Lift-and-shift. Recreate schemas in ClickHouse, dump as Parquet, ingest via the s3() table function. Hard parts: GoogleSQL-specific syntax (STRUCT, ARRAY_AGG) and BigQuery UDFs (JavaScript) that need rewriting in ClickHouse SQL.
Tiered. Keep BigQuery as the source of truth for ad-hoc/ETL; replicate hot recent data into ClickHouse for sub-second user-facing queries. Common when BigQuery is the canonical warehouse and CH is the serving layer.
Greenfield. Write new pipelines directly to ClickHouse (Kafka engine, native HTTP), keeping BigQuery only for whatever specific GCP integrations require it.

FAQ

Can I use BigQuery as a backend for a low-latency app?

Not directly. The 1–3s baseline kills interactive UX. Use BI Engine (in-memory cache) or replicate into a faster store. ClickHouse is engineered for this directly.

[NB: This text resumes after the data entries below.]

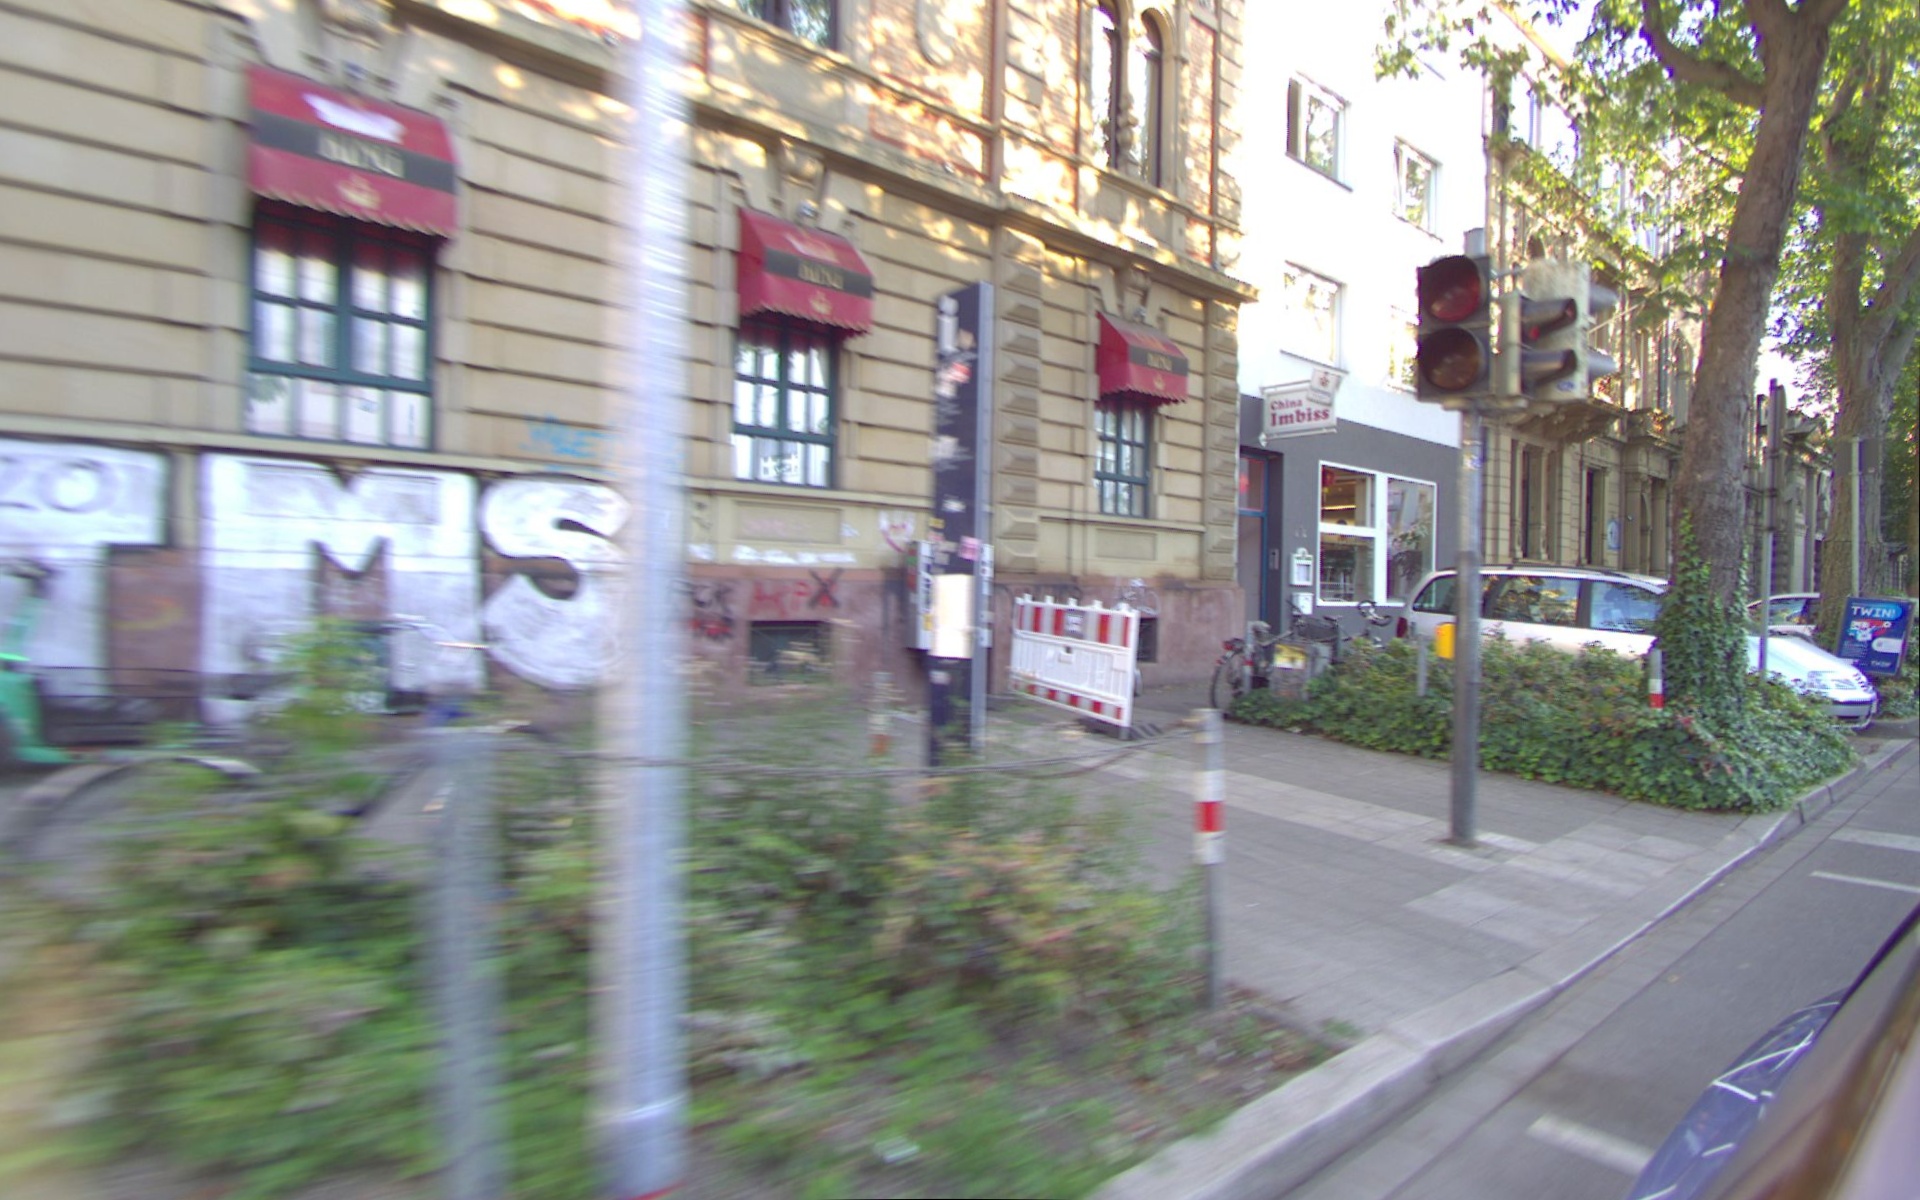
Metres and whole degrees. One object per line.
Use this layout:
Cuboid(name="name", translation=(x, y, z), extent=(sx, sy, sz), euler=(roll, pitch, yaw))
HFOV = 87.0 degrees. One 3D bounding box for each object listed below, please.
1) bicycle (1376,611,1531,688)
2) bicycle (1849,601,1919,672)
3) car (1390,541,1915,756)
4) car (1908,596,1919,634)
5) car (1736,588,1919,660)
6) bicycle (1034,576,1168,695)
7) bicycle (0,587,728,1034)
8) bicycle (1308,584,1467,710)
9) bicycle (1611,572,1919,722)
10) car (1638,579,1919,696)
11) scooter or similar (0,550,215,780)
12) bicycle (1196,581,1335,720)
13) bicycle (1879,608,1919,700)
Cuboid(name="bicycle", translation=(5.095, 0.471, 10.362), extent=(2.289, 0.673, 0.582), euler=(0, 0, -41))
Cuboid(name="bicycle", translation=(17.527, 0.694, 18.363), extent=(2.016, 1.219, 0.482), euler=(4, 3, 38))
Cuboid(name="car", translation=(7.562, 0.348, 11.443), extent=(1.917, 1.938, 4.547), euler=(1, 2, -42))
Cuboid(name="car", translation=(40.181, 0.755, 39.626), extent=(1.822, 1.499, 4.235), euler=(1, 4, -40))
Cuboid(name="car", translation=(20.768, 0.539, 23.043), extent=(1.890, 1.455, 4.596), euler=(1, 1, -38))
Cuboid(name="bicycle", translation=(1.585, 0.371, 11.206), extent=(1.694, 1.226, 0.386), euler=(0, 1, -39))
Cuboid(name="bicycle", translation=(-1.939, 0.554, 3.619), extent=(0.524, 1.166, 2.212), euler=(2, 1, 45))
Cuboid(name="bicycle", translation=(4.685, 0.476, 11.019), extent=(2.120, 1.254, 0.582), euler=(1, 1, -37))
Cuboid(name="bicycle", translation=(10.000, 0.509, 12.617), extent=(0.647, 1.684, 3.115), euler=(1, 0, -44))
Cuboid(name="car", translation=(13.512, 0.534, 15.979), extent=(1.934, 1.580, 4.238), euler=(1, 1, -37))
Cuboid(name="scooter or similar", translation=(-4.846, 0.347, 5.645), extent=(1.073, 1.209, 0.251), euler=(2, 0, -40))
Cuboid(name="bicycle", translation=(3.008, 0.460, 9.879), extent=(1.694, 1.250, 0.386), euler=(0, 1, -39))
Cuboid(name="bicycle", translation=(13.231, 0.748, 13.508), extent=(0.480, 1.219, 1.340), euler=(1, 2, -41))

Does ClickHouse support compute-storage separation?

Yes since 24.x — S3 disk + zero-copy replication. Not as automatic as BigQuery slots, but it eliminates the "must scale storage with compute" problem.

Which has better SQL?

BigQuery's GoogleSQL is closer to ANSI; ClickHouse has dialect quirks but more analytical functions and the entire *State / *Merge aggregate-state model.

What about cost at petabyte scale?

For steady workloads, ClickHouse on dedicated hardware is typically 3–10× cheaper than BigQuery flat-rate. For sporadic queries, BigQuery on-demand often wins.

How do I migrate?

Most schemas port directly. The hard parts: GoogleSQL specifics (STRUCT, ARRAY_AGG), streaming ingestion rewrite, and BigQuery-specific UDFs.